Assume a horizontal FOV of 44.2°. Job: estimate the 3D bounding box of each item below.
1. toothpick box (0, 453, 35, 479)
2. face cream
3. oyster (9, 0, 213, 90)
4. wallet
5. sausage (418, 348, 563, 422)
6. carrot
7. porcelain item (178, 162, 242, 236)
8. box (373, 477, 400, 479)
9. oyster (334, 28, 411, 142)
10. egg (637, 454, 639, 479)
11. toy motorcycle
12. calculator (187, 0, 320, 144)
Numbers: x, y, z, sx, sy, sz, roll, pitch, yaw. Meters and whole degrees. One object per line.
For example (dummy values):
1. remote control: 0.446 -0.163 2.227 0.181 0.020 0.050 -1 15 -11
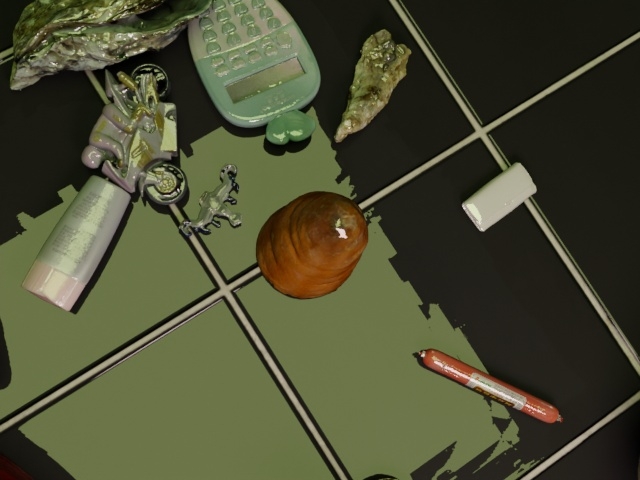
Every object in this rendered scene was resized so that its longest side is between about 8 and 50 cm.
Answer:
1. toothpick box: -0.507 0.447 1.005 0.204 0.204 0.333 40 77 1
2. face cream: -0.360 0.002 1.177 0.084 0.057 0.198 29 80 -1
3. oyster: -0.334 -0.336 1.207 0.351 0.162 0.158 -30 115 -3
4. wallet: 0.294 -0.072 1.295 0.122 0.025 0.061 -36 93 -12
5. sausage: 0.267 0.227 1.233 0.253 0.034 0.034 25 78 -2
6. carrot: 0.000 0.000 1.146 0.159 0.225 0.159 2 82 -12
7. porcelain item: -0.154 -0.049 1.231 0.075 0.021 0.136 35 77 0
8. box: 0.100 0.408 1.177 0.105 0.037 0.105 1 80 -7
9. oyster: 0.089 -0.250 1.280 0.106 0.061 0.200 10 79 -7
10. egg: 0.607 0.335 1.175 0.337 0.201 0.337 0 105 -1
11. toy motorcycle: -0.291 -0.158 1.206 0.152 0.073 0.225 -9 84 -10
12. calculator: -0.104 -0.283 1.271 0.184 0.042 0.295 -25 82 -11

☆ ☆ ☆ ☆ ☆

◆ Task details: Return the lines exactly, from the one containing "For example (dummy" through the last line above, including both ends and excluding every picture.

◆ Written solution:
For example (dummy values):
1. remote control: 0.446 -0.163 2.227 0.181 0.020 0.050 -1 15 -11
Every object in this rendered scene was resized so that its longest side is between about 8 and 50 cm.
Answer:
1. toothpick box: -0.507 0.447 1.005 0.204 0.204 0.333 40 77 1
2. face cream: -0.360 0.002 1.177 0.084 0.057 0.198 29 80 -1
3. oyster: -0.334 -0.336 1.207 0.351 0.162 0.158 -30 115 -3
4. wallet: 0.294 -0.072 1.295 0.122 0.025 0.061 -36 93 -12
5. sausage: 0.267 0.227 1.233 0.253 0.034 0.034 25 78 -2
6. carrot: 0.000 0.000 1.146 0.159 0.225 0.159 2 82 -12
7. porcelain item: -0.154 -0.049 1.231 0.075 0.021 0.136 35 77 0
8. box: 0.100 0.408 1.177 0.105 0.037 0.105 1 80 -7
9. oyster: 0.089 -0.250 1.280 0.106 0.061 0.200 10 79 -7
10. egg: 0.607 0.335 1.175 0.337 0.201 0.337 0 105 -1
11. toy motorcycle: -0.291 -0.158 1.206 0.152 0.073 0.225 -9 84 -10
12. calculator: -0.104 -0.283 1.271 0.184 0.042 0.295 -25 82 -11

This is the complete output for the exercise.